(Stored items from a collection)
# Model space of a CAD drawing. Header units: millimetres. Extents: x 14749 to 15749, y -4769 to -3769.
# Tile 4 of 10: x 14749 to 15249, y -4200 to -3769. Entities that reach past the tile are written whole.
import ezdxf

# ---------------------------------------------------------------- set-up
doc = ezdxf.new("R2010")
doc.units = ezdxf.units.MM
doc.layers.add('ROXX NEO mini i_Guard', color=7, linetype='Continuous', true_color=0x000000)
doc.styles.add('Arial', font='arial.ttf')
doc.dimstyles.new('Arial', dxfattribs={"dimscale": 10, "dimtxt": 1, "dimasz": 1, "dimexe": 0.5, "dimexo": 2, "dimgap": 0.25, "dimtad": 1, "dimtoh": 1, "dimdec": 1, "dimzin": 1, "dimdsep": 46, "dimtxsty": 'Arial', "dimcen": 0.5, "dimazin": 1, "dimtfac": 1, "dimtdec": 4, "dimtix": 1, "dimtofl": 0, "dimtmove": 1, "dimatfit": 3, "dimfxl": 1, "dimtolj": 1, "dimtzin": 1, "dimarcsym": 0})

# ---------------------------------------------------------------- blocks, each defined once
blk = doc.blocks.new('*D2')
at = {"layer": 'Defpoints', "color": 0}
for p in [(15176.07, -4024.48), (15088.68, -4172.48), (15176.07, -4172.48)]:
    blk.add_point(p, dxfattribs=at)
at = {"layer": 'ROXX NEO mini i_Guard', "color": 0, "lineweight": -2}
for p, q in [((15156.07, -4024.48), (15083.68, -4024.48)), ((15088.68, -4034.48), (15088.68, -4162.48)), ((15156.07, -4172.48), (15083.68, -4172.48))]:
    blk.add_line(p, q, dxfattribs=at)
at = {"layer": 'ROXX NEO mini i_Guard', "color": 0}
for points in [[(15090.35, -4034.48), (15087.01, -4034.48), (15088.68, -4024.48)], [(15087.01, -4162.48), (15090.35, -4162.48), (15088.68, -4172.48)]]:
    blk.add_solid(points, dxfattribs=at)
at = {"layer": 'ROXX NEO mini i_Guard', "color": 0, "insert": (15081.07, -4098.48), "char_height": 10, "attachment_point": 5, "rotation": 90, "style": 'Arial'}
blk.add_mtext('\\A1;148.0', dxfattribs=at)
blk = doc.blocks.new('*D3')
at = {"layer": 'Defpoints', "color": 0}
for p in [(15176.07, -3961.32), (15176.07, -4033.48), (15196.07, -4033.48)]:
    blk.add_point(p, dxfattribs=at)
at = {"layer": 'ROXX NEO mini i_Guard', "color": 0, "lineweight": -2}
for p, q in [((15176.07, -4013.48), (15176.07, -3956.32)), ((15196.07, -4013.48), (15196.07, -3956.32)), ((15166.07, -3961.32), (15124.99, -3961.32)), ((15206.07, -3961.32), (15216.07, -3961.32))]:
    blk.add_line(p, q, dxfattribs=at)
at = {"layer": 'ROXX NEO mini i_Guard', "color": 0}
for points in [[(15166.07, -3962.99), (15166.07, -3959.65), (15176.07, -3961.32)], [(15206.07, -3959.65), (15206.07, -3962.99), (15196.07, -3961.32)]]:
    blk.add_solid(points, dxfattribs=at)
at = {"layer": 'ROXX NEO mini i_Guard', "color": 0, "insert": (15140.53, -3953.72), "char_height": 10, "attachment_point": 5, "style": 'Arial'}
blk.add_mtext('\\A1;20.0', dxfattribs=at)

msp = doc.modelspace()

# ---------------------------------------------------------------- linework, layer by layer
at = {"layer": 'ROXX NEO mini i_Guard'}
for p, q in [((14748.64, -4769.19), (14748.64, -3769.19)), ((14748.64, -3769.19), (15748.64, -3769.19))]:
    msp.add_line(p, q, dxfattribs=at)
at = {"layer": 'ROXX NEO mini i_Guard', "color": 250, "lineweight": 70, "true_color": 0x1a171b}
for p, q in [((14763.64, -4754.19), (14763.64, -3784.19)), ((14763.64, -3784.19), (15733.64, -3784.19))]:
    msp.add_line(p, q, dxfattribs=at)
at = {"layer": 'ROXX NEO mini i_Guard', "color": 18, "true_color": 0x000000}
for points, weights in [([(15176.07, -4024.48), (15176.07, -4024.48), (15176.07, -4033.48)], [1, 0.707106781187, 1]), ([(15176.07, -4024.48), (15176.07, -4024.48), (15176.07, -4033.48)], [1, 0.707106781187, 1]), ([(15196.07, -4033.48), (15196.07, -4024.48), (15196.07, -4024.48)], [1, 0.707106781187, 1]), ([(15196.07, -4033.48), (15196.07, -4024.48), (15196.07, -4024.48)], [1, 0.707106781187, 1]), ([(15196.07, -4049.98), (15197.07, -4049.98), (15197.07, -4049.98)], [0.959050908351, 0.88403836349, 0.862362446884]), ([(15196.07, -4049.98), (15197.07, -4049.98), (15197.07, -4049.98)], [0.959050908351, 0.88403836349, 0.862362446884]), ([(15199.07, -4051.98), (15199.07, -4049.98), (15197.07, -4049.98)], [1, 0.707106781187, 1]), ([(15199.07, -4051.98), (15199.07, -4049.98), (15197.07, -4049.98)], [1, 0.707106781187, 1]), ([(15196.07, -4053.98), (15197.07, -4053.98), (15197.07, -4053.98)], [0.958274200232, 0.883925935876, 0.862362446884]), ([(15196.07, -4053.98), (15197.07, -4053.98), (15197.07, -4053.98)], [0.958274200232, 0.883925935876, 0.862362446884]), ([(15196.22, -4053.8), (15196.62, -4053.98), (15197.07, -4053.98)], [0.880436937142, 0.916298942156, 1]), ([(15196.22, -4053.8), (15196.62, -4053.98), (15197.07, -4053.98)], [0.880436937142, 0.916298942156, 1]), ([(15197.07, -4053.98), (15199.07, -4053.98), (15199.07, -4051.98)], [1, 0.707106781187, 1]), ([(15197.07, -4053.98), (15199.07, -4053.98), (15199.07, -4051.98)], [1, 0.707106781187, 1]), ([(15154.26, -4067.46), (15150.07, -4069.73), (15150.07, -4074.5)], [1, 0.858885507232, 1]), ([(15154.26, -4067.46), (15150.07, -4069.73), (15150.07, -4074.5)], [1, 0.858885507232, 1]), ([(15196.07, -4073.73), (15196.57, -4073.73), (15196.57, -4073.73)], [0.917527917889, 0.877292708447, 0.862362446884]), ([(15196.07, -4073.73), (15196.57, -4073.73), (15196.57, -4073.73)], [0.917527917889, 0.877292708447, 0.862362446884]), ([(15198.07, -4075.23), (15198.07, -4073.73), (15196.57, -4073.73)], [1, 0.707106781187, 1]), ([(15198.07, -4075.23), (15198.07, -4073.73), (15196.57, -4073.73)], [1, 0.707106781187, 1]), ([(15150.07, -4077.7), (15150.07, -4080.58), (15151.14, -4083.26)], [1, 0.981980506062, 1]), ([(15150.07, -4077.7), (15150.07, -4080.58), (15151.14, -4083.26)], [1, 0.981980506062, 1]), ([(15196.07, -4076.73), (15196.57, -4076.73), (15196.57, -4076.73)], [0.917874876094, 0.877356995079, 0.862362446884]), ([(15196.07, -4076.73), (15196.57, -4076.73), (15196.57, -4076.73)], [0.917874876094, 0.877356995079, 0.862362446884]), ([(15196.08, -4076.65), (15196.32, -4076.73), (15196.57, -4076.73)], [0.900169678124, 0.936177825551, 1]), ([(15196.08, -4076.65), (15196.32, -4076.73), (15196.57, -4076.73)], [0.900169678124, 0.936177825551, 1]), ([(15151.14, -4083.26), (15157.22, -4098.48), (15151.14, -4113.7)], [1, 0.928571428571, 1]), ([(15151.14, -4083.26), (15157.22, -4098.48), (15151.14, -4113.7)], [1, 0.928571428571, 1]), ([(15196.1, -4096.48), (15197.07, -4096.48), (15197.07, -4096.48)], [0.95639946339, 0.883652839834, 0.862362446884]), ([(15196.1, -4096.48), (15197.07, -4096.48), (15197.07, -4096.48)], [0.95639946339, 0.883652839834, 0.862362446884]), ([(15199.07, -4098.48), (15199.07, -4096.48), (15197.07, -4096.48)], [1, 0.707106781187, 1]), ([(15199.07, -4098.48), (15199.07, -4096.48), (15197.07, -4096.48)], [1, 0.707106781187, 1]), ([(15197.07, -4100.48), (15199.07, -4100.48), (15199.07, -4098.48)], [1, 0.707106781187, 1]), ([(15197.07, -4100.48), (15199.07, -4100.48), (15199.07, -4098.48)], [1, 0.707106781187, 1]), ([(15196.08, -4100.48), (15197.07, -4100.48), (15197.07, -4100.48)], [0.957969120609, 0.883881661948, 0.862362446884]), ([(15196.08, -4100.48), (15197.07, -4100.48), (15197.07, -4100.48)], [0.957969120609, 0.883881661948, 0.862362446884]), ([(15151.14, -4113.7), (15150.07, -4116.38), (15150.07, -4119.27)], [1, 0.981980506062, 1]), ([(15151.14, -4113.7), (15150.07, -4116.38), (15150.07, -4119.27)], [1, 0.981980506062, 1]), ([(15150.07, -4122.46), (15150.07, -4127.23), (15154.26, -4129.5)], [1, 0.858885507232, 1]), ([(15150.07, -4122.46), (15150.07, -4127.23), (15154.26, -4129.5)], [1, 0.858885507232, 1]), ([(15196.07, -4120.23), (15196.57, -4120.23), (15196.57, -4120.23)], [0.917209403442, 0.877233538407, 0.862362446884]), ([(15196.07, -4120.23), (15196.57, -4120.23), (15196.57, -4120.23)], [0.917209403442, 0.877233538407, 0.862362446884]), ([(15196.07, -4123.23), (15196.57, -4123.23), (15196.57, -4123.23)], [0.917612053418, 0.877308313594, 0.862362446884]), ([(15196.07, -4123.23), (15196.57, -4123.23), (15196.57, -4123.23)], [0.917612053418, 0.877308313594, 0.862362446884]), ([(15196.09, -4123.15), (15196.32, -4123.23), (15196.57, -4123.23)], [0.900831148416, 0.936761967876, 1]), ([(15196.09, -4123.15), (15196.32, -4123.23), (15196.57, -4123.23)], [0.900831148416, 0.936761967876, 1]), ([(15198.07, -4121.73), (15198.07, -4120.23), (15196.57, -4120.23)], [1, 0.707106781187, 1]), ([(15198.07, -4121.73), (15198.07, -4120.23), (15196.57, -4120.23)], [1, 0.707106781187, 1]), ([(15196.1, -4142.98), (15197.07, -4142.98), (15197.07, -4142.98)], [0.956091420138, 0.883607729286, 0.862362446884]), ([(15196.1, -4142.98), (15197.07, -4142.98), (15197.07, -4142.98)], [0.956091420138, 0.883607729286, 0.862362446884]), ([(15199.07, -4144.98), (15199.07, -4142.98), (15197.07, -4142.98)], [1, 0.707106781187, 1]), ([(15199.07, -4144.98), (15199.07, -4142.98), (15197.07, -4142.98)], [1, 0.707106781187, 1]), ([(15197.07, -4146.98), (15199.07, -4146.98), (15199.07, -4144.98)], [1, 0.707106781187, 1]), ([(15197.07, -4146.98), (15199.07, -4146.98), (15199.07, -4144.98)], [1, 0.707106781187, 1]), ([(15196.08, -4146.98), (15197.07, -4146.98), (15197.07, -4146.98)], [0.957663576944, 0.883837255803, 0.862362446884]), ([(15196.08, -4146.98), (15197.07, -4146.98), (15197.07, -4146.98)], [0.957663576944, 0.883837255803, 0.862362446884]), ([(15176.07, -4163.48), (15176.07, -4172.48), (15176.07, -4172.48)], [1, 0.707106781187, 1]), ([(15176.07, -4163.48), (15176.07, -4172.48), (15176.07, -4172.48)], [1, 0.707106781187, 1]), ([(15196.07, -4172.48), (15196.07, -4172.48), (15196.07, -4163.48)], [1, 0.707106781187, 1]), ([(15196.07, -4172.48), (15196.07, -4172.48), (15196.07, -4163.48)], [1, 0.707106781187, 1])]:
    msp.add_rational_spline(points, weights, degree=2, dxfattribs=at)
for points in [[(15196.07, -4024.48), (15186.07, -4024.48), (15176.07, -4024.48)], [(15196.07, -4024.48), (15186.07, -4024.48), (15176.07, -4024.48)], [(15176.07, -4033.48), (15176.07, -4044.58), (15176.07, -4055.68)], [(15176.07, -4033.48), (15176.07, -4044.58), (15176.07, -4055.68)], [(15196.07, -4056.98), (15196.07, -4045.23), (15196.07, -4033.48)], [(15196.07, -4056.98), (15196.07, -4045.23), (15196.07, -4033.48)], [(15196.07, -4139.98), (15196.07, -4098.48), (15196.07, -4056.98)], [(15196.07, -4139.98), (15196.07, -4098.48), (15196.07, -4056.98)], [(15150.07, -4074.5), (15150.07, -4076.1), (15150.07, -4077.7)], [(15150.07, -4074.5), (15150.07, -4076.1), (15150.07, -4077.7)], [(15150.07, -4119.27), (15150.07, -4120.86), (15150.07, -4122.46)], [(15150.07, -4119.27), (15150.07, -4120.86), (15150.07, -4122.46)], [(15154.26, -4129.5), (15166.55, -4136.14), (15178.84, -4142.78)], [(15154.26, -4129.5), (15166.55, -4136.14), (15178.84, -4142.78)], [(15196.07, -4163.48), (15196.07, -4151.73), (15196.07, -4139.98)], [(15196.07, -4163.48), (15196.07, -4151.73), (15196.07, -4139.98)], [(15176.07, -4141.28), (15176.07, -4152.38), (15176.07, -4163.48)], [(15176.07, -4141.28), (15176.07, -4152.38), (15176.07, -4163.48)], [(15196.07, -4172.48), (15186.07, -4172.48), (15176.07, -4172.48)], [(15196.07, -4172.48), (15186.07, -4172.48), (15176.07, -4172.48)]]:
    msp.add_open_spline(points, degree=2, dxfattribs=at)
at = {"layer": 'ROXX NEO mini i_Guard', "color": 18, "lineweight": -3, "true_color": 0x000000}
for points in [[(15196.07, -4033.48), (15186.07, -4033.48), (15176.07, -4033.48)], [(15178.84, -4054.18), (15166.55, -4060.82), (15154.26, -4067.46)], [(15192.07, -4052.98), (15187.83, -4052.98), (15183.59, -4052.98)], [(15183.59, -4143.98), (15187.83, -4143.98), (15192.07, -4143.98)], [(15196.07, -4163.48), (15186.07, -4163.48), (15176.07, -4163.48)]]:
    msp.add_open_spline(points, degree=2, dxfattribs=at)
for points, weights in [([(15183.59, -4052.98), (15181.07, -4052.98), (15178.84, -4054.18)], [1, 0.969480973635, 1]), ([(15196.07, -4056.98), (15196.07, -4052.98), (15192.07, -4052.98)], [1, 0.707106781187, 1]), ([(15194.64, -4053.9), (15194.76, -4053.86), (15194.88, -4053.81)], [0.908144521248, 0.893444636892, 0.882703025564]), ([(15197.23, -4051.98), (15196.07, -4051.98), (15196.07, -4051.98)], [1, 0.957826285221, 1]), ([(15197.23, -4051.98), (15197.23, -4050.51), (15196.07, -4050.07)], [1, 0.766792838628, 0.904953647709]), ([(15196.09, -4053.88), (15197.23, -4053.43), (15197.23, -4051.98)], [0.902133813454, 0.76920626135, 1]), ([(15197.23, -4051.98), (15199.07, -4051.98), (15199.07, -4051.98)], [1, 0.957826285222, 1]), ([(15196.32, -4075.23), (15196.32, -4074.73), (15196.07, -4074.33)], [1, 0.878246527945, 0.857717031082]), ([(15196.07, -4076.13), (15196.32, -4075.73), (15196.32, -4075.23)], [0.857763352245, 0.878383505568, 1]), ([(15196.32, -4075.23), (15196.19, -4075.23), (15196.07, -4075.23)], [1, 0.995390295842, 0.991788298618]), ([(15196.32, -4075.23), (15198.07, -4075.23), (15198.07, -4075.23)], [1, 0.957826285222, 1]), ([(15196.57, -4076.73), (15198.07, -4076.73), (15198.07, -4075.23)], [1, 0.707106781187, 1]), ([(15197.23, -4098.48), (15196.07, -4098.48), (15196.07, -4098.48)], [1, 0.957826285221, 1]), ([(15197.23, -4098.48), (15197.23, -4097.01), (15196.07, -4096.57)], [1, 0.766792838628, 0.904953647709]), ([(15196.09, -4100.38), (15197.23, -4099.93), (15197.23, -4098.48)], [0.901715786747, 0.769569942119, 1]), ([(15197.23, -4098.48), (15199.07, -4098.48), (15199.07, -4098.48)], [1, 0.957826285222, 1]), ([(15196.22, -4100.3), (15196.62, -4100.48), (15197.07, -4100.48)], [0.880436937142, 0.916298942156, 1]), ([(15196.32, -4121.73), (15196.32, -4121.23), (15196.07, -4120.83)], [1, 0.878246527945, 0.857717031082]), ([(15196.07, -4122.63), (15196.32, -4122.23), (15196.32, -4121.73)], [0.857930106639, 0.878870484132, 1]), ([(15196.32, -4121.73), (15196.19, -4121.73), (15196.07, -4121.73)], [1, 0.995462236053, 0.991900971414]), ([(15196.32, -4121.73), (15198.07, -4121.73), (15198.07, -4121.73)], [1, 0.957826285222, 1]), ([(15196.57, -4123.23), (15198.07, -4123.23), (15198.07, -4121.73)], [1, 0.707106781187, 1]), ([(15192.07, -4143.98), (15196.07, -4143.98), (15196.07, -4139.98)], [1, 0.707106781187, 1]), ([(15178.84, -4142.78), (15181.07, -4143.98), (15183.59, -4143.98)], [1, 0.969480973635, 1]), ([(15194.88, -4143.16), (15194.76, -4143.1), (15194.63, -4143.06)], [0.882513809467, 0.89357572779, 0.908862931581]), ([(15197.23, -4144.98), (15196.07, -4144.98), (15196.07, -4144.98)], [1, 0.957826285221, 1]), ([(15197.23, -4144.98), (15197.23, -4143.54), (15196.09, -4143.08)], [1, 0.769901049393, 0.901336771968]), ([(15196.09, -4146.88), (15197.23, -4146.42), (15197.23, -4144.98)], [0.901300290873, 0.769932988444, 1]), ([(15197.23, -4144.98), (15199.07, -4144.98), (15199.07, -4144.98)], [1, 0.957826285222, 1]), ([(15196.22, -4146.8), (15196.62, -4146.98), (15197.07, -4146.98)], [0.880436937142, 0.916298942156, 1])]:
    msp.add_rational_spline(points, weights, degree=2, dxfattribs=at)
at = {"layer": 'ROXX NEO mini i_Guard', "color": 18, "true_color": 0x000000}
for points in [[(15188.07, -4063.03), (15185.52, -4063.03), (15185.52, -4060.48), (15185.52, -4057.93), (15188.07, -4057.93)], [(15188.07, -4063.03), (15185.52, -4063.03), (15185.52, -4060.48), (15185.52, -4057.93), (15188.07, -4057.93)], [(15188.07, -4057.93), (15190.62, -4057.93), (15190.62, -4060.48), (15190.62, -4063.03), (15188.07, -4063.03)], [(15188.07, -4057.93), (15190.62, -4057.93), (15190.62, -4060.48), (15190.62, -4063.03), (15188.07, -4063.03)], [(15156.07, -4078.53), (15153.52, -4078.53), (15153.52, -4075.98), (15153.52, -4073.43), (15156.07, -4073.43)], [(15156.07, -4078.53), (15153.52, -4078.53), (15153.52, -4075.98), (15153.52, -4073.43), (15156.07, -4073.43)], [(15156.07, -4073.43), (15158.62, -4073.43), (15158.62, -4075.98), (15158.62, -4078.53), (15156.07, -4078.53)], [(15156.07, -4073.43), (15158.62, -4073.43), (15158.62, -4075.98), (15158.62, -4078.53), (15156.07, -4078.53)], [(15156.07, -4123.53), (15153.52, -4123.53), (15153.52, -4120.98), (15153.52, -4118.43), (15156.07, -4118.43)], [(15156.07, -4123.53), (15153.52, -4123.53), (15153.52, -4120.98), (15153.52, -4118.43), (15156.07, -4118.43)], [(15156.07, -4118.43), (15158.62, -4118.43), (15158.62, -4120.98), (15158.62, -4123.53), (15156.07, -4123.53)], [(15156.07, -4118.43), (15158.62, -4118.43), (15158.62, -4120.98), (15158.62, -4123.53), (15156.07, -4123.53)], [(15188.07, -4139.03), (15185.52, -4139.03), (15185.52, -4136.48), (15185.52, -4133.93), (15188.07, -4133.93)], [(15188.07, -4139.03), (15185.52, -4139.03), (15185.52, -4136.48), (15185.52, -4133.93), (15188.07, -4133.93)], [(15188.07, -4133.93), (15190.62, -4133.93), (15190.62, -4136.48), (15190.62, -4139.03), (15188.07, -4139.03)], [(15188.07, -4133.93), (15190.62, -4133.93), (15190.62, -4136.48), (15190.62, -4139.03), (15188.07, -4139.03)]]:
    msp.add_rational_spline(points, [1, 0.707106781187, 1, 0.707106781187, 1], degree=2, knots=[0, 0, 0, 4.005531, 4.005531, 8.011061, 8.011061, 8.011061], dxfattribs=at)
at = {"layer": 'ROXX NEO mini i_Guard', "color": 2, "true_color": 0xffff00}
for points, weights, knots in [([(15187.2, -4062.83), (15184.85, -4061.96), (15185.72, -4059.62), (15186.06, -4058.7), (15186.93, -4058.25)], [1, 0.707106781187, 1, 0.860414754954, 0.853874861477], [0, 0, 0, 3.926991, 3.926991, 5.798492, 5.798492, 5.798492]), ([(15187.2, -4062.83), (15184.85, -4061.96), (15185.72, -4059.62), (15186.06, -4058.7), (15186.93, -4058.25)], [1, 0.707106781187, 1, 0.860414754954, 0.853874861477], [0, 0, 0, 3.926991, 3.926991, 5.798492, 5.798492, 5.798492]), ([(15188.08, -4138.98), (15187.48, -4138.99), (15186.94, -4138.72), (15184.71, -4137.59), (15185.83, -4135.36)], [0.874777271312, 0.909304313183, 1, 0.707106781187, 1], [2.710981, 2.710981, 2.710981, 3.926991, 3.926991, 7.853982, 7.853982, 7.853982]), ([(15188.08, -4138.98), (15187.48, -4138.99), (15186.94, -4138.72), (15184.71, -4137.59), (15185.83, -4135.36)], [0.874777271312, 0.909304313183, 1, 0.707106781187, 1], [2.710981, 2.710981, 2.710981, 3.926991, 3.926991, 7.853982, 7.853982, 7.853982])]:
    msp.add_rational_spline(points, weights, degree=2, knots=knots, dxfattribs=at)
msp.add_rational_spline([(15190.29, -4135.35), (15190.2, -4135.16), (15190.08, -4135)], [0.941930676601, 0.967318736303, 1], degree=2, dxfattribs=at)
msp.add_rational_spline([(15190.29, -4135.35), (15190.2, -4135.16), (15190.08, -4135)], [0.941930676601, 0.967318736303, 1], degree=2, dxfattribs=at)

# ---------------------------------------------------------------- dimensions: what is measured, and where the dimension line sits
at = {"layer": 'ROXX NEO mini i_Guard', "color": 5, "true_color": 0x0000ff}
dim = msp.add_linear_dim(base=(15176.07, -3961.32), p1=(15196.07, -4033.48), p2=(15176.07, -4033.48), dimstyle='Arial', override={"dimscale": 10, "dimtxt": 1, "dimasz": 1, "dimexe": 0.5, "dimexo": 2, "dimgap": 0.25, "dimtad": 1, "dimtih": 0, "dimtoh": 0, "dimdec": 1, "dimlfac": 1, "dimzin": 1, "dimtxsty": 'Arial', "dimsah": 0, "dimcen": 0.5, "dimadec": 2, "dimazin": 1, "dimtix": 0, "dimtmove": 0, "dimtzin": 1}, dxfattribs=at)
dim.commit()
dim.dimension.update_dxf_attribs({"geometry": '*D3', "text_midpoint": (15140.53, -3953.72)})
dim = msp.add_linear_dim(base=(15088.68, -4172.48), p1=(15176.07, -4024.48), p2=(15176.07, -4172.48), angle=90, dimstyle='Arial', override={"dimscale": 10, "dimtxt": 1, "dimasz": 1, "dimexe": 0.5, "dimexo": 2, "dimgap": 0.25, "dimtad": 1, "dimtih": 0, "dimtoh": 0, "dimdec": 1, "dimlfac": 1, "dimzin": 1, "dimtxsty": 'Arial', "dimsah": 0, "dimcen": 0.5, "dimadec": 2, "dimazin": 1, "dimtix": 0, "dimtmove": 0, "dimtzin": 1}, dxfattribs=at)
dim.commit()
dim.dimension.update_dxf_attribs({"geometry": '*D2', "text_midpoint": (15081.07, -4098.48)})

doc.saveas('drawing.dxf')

■ ABOUT THIS EXERCISE: Return all lines above that mention the word "geometry".

■ SOLUTION TO THE PROBLEM:
dim.dimension.update_dxf_attribs({"geometry": '*D3', "text_midpoint": (15140.53, -3953.72)})
dim.dimension.update_dxf_attribs({"geometry": '*D2', "text_midpoint": (15081.07, -4098.48)})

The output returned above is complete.